____ Records for the exercise

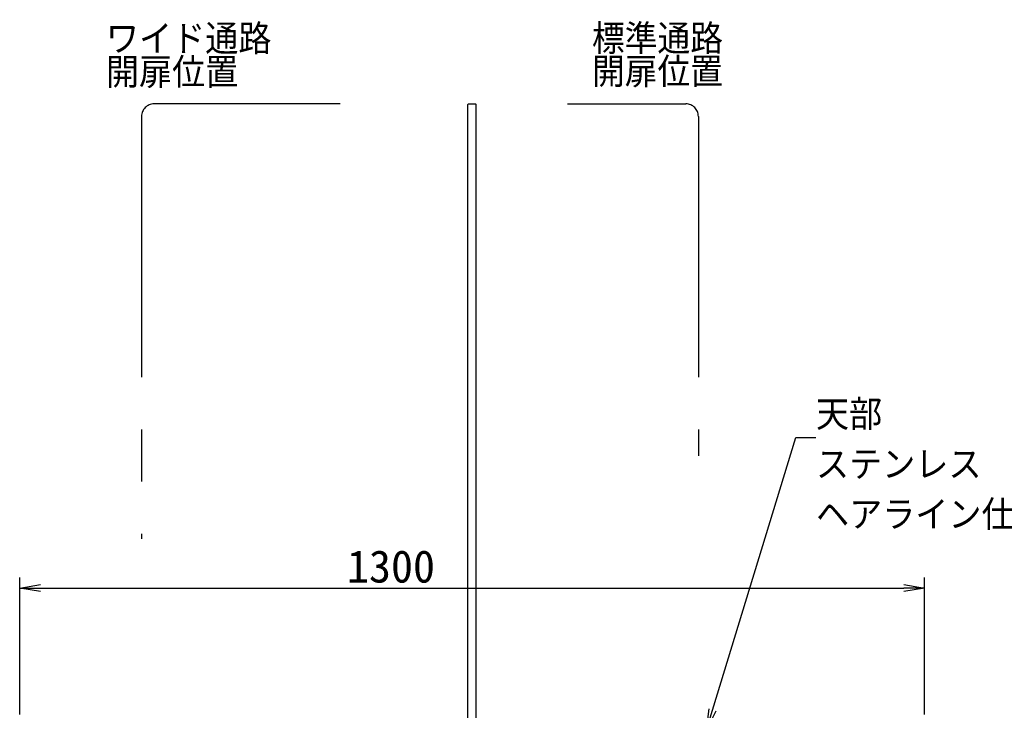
# Model space of a CAD drawing. Extents: x 10 to 587, y 5 to 411.
# Tile 6 of 8: x 399 to 493, y 131 to 197. Entities that reach past the tile are written whole.
import ezdxf
from ezdxf import colors
from ezdxf.entities.mleader import LeaderData, LeaderLine
from ezdxf.math import Vec2, Vec3

# ---------------------------------------------------------------- set-up
doc = ezdxf.new("R2010")
doc.units = 0
doc.header["$LTSCALE"] = 20
doc.linetypes.add('PHANTOM', pattern=[2.5, 1.25, -0.25, 0.25, -0.25, 0.25, -0.25])
doc.layers.get('0').update_dxf_attribs({"linetype": 'CONTINUOUS'})
doc.layers.add('MAIN10', color=6, linetype='CONTINUOUS')
doc.styles.add('KNJYOKO', font='TXT', dxfattribs={"bigfont": 'BIGFONT'})
doc.dimstyles.new('MAIN1004', dxfattribs={"dimtxt": 3.1, "dimasz": 2, "dimexe": 1, "dimexo": 1.5, "dimgap": 0.09, "dimtad": 1, "dimlfac": 15, "dimdsep": 46, "dimtxsty": 'STANDARD', "dimcen": 0.09, "dimazin": 2, "dimtfac": 0.645161, "dimtdec": 4, "dimtmove": 0, "dimatfit": 3, "dimfxl": 1, "dimtvp": 0.66129, "dimtolj": 1, "dimtzin": 0, "dimarcsym": 0})

# ---------------------------------------------------------------- blocks, each defined once
blk = doc.blocks.new('_OPEN')
at = {"color": 0, "linetype": 'BYBLOCK', "lineweight": -2}
for p, q in [((-1, 0.166667), (0, 0)), ((0, 0), (-1, -0.166667)), ((0, 0), (-1, 0))]:
    blk.add_line(p, q, dxfattribs=at)
blk = doc.blocks.new('*D0')
at = {"layer": 'MAIN10', "color": 0, "linetype": 'BYBLOCK', "lineweight": -2}
for p, q in [((398.589, 130.667), (398.589, 143.786)), ((485.256, 130.667), (485.256, 143.786)), ((400.589, 142.786), (483.256, 142.786))]:
    blk.add_line(p, q, dxfattribs=at)
at = {"layer": 'MAIN10', "color": 0, "linetype": 'BYBLOCK', "xscale": 2, "yscale": 2, "zscale": 2, "rotation": 180}
blk.add_blockref('_OPEN', (398.589, 142.786), dxfattribs=at)
at = {"layer": 'MAIN10', "color": 0, "linetype": 'BYBLOCK', "xscale": 2, "yscale": 2, "zscale": 2}
blk.add_blockref('_OPEN', (485.256, 142.786), dxfattribs=at)
at = {"layer": 'MAIN10', "color": 0, "linetype": 'BYBLOCK', "insert": (434.15, 144.836), "char_height": 3.1, "attachment_point": 5, "line_spacing_factor": 0.667742}
blk.add_mtext('\\A1;1300', dxfattribs=at)

msp = doc.modelspace()

# ---------------------------------------------------------------- linework, layer by layer
at = {"layer": 'MAIN10', "color": 3, "linetype": 'PHANTOM'}
for p, q in [((429.289, 189.18663), (411.45564, 189.18663)), ((451.06776, 189.18663), (462.38897, 189.18663)), ((410.25564, 187.98663), (410.25564, 147.49272)), ((463.58897, 187.98663), (463.58897, 155.46409))]:
    msp.add_line(p, q, dxfattribs=at)
at = {"layer": 'MAIN10', "color": 3, "linetype": 'CONTINUOUS'}
for p, q in [((441.52231, 189.11996), (441.58897, 189.18663)), ((441.52231, 79.25329), (441.52231, 189.11996)), ((441.58897, 189.18663), (442.25564, 189.18663)), ((442.25564, 189.18663), (442.32231, 189.11996)), ((442.32231, 79.25329), (442.32231, 189.11996))]:
    msp.add_line(p, q, dxfattribs=at)
at = {"layer": 'MAIN10', "color": 3, "linetype": 'PHANTOM'}
for centre, start, end in [((411.45564, 187.98663), 90, 180), ((462.38897, 187.98663), 0, 90)]:
    msp.add_arc(centre, 1.2, start, end, dxfattribs=at)

# ---------------------------------------------------------------- texts
at = {"layer": 'MAIN10', "color": 1, "linetype": 'CONTINUOUS', "char_height": 3.0999999, "attachment_point": 1, "line_spacing_factor": 0.667742, "style": 'KNJYOKO'}
for s, insert in [('{\\H0.93x;{ワイド通路\\P開扉位置}}', (406.84578, 196.81622)), ('{\\H0.92x;{標準通路\\P開扉位置}}', (453.40009, 196.81622))]:
    msp.add_mtext(s, dxfattribs=dict(at, insert=insert))

# ---------------------------------------------------------------- dimensions: what is measured, and where the dimension line sits
at = {"layer": 'MAIN10', "color": 7, "linetype": 'CONTINUOUS'}
dim = msp.add_linear_dim(base=(398.58897, 142.78589), p1=(485.25564, 129.16663), p2=(398.58897, 129.16663), dimstyle='MAIN1004', override={"dimasz": 2, "dimblk1": 'OPEN', "dimblk2": 'OPEN', "dimsah": 1}, dxfattribs=at)
dim.commit()
dim.dimension.update_dxf_attribs({"geometry": '*D0', "text_midpoint": (434.14954, 143.28589), "dimtype": 160})

# ---------------------------------------------------------------- leaders
ml = msp.add_multileader_mtext('STANDARD', dxfattribs=at)
ml.set_content('{\\H0.93x;{天部\\Pステンレス\\Pヘアライン仕上げ}}', color=7, style='KNJYOKO')
ml.set_leader_properties(color=7, linetype='CONTINUOUS', lineweight=-1)
ml.set_arrow_properties(name='OPEN')
ml.build(insert=Vec2(0, 0))
ml.multileader.update_dxf_attribs({"text_left_attachment_type": 6, "dogleg_length": 0, "arrow_head_size": 2})
ctx = ml.context
ctx.base_point, ctx.char_height, ctx.arrow_head_size, ctx.landing_gap_size, ctx.plane_origin = Vec3(474.85482, 157.22541), 3.0999999, 2, 0.01, Vec3(464.3709, 464.3709)
ctx.left_attachment, ctx.right_attachment = 6, 6
notes = []
notes.append((ctx, [(0, (1, 0, 0), (472.92882, 157.22541), (1, 0), 1.926, [(0, [(464.3709, 129.18663)], 0, [])])]))
ctx.mtext.insert = Vec3(474.85482, 160.82541)
for ctx, leaders in notes:
    for number, flags, end, landing, length, lines in leaders:
        leader = LeaderData()
        leader.index, (leader.has_last_leader_line, leader.has_dogleg_vector, leader.attachment_direction) = number, flags
        leader.last_leader_point, leader.dogleg_vector, leader.dogleg_length = Vec3(end), Vec3(landing), length
        for number, points, colour, breaks in lines:
            line = LeaderLine()
            line.index, line.vertices, line.color, line.breaks = number, Vec3.list(points), colors.encode_raw_color(colour), breaks
            leader.lines.append(line)
        ctx.leaders.append(leader)

doc.saveas('drawing.dxf')

________

*Exercise brief:* Say how many lines in the records hold the string "flags", please, and add no other words.

*Response for this exercise:* 2